*RECORDS SHOWN*.
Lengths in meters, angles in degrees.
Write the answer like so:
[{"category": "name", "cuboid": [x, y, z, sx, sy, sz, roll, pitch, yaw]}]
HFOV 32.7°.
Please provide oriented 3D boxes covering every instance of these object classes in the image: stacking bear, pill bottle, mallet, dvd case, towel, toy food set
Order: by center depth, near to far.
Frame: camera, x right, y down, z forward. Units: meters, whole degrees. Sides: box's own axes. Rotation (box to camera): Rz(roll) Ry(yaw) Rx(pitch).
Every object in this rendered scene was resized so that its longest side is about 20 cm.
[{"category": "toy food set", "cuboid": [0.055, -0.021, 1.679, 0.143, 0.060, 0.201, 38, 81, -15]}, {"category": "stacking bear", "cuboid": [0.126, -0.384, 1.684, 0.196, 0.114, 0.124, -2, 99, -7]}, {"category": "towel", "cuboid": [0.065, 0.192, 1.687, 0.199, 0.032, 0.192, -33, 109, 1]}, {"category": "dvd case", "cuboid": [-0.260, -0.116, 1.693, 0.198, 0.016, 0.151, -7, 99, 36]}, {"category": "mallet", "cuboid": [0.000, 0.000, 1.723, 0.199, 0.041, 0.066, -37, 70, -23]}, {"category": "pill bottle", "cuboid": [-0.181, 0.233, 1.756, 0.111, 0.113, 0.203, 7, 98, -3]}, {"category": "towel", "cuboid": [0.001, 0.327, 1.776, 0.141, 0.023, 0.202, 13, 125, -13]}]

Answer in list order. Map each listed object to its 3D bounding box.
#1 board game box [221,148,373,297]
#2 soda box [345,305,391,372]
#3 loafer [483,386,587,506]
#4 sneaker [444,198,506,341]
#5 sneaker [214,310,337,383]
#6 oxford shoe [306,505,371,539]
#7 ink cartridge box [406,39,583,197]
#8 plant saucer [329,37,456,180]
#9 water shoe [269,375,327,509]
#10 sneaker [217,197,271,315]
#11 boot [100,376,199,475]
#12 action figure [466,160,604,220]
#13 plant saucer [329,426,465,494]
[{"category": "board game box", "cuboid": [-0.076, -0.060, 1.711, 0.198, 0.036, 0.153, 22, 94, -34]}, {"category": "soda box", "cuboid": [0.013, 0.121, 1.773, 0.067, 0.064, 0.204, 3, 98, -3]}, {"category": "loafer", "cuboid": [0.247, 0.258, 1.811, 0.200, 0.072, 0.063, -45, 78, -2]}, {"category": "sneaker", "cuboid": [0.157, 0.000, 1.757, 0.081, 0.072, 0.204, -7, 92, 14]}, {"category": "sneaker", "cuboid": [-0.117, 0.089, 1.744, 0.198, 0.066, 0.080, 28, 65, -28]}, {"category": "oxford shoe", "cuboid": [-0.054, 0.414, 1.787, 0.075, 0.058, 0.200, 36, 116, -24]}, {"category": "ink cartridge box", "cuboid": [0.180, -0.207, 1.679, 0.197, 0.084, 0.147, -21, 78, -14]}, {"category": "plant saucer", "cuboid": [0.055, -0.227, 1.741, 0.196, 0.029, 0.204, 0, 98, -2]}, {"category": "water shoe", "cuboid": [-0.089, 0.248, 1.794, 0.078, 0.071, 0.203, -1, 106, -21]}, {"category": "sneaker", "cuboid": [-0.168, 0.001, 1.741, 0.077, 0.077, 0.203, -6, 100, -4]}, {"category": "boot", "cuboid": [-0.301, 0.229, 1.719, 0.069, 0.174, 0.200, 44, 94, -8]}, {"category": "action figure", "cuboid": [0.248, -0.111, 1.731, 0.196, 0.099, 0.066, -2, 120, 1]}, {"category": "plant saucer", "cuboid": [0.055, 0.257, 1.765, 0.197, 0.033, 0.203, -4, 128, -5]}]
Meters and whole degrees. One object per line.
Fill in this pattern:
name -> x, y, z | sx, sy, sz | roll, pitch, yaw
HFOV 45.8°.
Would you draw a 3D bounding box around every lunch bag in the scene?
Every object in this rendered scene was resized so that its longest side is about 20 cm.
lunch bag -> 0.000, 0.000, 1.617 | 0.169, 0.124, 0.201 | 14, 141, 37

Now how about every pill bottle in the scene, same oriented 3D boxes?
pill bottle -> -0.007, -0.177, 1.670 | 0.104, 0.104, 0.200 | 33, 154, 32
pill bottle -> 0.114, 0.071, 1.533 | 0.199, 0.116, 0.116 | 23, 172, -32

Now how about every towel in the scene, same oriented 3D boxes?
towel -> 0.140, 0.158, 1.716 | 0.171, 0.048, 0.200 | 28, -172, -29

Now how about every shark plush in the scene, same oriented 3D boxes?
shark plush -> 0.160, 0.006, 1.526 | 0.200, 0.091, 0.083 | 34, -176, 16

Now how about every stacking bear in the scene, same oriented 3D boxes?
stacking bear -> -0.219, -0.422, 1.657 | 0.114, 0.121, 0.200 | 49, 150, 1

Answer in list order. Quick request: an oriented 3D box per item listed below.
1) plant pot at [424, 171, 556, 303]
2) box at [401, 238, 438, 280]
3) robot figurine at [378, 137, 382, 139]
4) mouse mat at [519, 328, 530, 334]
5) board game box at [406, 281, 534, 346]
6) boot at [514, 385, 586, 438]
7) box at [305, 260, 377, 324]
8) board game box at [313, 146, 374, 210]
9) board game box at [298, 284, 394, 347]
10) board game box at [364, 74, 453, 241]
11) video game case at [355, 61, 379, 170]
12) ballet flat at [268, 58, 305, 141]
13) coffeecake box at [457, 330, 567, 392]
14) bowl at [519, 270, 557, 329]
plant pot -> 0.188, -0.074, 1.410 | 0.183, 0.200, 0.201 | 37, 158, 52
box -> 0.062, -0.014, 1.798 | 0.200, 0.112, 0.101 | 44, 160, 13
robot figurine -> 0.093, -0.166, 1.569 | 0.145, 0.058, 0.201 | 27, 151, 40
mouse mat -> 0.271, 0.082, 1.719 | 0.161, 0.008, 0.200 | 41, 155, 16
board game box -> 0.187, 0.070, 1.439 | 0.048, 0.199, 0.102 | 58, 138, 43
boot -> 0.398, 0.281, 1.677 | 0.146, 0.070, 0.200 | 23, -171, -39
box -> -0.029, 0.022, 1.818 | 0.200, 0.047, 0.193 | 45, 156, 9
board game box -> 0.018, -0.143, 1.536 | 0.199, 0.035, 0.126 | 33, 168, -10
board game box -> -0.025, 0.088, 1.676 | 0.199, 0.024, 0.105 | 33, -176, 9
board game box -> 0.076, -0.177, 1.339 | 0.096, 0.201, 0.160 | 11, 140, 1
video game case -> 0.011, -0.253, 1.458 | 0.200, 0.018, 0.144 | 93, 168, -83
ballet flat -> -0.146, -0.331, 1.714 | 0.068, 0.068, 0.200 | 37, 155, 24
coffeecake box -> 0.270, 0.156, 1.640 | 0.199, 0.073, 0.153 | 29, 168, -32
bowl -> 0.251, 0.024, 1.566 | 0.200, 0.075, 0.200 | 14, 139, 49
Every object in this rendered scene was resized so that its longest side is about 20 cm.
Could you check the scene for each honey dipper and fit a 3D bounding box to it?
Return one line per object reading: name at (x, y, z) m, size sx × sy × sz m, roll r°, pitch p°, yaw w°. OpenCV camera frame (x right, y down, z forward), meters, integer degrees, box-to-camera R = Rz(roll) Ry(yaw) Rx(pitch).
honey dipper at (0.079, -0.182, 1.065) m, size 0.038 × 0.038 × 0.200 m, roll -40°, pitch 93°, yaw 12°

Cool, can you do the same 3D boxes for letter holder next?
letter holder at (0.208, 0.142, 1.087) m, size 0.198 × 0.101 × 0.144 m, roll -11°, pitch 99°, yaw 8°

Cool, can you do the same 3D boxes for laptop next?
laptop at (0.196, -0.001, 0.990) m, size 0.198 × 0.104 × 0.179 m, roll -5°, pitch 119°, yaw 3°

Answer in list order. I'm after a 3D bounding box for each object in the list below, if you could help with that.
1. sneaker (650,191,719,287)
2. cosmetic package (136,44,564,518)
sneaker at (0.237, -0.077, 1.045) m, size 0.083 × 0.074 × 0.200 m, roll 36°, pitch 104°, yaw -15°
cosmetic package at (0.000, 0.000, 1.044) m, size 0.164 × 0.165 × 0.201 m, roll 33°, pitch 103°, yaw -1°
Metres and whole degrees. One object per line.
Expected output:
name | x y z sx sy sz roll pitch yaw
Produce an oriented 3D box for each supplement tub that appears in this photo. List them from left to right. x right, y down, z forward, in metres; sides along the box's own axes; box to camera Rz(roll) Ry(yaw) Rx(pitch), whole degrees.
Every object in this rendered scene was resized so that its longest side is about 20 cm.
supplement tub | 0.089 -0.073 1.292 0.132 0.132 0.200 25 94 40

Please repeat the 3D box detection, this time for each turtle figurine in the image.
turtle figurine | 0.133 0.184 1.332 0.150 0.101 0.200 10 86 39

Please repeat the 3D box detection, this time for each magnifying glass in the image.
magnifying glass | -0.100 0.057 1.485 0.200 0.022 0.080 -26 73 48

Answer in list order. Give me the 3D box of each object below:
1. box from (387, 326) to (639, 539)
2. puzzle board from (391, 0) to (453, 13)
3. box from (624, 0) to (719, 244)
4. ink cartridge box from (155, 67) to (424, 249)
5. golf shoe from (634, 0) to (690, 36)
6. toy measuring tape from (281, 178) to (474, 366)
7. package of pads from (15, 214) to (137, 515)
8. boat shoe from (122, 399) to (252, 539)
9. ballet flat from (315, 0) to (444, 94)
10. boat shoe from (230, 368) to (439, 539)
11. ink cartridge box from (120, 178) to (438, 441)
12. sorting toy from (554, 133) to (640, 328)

*WORK REQUEST*. In the lines above, locate the string "boat". Copy every line where it occurs.

*RESPONSE BELOW*.
8. boat shoe from (122, 399) to (252, 539)
10. boat shoe from (230, 368) to (439, 539)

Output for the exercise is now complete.